++++ Entries provided ++++

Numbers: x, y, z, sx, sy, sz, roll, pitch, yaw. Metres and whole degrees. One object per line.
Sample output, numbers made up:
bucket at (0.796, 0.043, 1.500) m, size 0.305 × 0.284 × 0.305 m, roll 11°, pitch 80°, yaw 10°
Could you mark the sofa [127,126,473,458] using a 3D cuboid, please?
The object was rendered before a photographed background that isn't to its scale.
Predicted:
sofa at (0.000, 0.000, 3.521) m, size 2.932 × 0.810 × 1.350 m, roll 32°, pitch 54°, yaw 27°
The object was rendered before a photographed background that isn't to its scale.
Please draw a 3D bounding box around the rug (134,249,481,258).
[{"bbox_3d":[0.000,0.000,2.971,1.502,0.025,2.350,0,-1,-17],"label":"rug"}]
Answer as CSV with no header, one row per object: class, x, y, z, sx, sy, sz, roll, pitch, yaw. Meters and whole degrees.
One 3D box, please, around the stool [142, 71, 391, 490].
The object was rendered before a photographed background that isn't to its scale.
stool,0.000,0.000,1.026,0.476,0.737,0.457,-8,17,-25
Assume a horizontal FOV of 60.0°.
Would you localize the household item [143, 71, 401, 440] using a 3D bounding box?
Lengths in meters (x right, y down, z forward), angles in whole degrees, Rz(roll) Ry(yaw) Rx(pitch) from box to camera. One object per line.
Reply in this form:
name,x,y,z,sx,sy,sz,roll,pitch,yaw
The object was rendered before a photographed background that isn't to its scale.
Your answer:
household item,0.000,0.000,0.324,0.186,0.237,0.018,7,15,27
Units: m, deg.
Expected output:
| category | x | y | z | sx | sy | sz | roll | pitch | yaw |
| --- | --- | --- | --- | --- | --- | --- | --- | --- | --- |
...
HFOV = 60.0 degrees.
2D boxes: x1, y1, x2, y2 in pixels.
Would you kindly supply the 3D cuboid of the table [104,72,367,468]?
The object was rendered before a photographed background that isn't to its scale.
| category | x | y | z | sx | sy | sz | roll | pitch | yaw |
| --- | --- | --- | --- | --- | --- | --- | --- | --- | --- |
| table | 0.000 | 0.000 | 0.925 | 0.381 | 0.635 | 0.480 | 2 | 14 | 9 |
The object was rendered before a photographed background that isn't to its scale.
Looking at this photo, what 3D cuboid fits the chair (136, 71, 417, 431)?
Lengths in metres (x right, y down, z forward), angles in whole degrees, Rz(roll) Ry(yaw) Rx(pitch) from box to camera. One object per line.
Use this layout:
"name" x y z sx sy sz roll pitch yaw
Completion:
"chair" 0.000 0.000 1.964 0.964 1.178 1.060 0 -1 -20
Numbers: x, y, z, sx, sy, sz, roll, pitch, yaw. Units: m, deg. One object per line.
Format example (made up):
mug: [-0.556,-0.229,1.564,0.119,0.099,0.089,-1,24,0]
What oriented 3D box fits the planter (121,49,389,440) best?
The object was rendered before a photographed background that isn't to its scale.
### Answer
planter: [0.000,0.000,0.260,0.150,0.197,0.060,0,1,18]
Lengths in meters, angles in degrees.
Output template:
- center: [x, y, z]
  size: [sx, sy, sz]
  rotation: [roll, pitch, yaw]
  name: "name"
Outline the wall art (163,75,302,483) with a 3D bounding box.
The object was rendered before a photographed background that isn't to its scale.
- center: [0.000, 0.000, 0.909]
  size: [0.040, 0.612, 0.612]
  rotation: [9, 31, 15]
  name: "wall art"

++++

§ **Instructions to follow**
Give all of the lines above again, exactly as they are.

§ **Output**
Numbers: x, y, z, sx, sy, sz, roll, pitch, yaw. Metres and whole degrees. One object per line.
Sample output, numbers made up:
bucket at (0.796, 0.043, 1.500) m, size 0.305 × 0.284 × 0.305 m, roll 11°, pitch 80°, yaw 10°
Could you mark the sofa [127,126,473,458] using a 3D cuboid, please?
The object was rendered before a photographed background that isn't to its scale.
Predicted:
sofa at (0.000, 0.000, 3.521) m, size 2.932 × 0.810 × 1.350 m, roll 32°, pitch 54°, yaw 27°
The object was rendered before a photographed background that isn't to its scale.
Please draw a 3D bounding box around the rug (134,249,481,258).
[{"bbox_3d":[0.000,0.000,2.971,1.502,0.025,2.350,0,-1,-17],"label":"rug"}]
Answer as CSV with no header, one row per object: class, x, y, z, sx, sy, sz, roll, pitch, yaw. Meters and whole degrees.
One 3D box, please, around the stool [142, 71, 391, 490].
The object was rendered before a photographed background that isn't to its scale.
stool,0.000,0.000,1.026,0.476,0.737,0.457,-8,17,-25
Assume a horizontal FOV of 60.0°.
Would you localize the household item [143, 71, 401, 440] using a 3D bounding box?
Lengths in meters (x right, y down, z forward), angles in whole degrees, Rz(roll) Ry(yaw) Rx(pitch) from box to camera. One object per line.
Reply in this form:
name,x,y,z,sx,sy,sz,roll,pitch,yaw
The object was rendered before a photographed background that isn't to its scale.
Your answer:
household item,0.000,0.000,0.324,0.186,0.237,0.018,7,15,27
Units: m, deg.
Expected output:
| category | x | y | z | sx | sy | sz | roll | pitch | yaw |
| --- | --- | --- | --- | --- | --- | --- | --- | --- | --- |
...
HFOV = 60.0 degrees.
2D boxes: x1, y1, x2, y2 in pixels.
Would you kindly supply the 3D cuboid of the table [104,72,367,468]?
The object was rendered before a photographed background that isn't to its scale.
| category | x | y | z | sx | sy | sz | roll | pitch | yaw |
| --- | --- | --- | --- | --- | --- | --- | --- | --- | --- |
| table | 0.000 | 0.000 | 0.925 | 0.381 | 0.635 | 0.480 | 2 | 14 | 9 |
The object was rendered before a photographed background that isn't to its scale.
Looking at this photo, what 3D cuboid fits the chair (136, 71, 417, 431)?
Lengths in metres (x right, y down, z forward), angles in whole degrees, Rz(roll) Ry(yaw) Rx(pitch) from box to camera. One object per line.
Use this layout:
"name" x y z sx sy sz roll pitch yaw
Completion:
"chair" 0.000 0.000 1.964 0.964 1.178 1.060 0 -1 -20
Numbers: x, y, z, sx, sy, sz, roll, pitch, yaw. Units: m, deg. One object per line.
Format example (made up):
mug: [-0.556,-0.229,1.564,0.119,0.099,0.089,-1,24,0]
What oriented 3D box fits the planter (121,49,389,440) best?
The object was rendered before a photographed background that isn't to its scale.
### Answer
planter: [0.000,0.000,0.260,0.150,0.197,0.060,0,1,18]
Lengths in meters, angles in degrees.
Output template:
- center: [x, y, z]
  size: [sx, sy, sz]
  rotation: [roll, pitch, yaw]
  name: "name"
Outline the wall art (163,75,302,483) with a 3D bounding box.
The object was rendered before a photographed background that isn't to its scale.
- center: [0.000, 0.000, 0.909]
  size: [0.040, 0.612, 0.612]
  rotation: [9, 31, 15]
  name: "wall art"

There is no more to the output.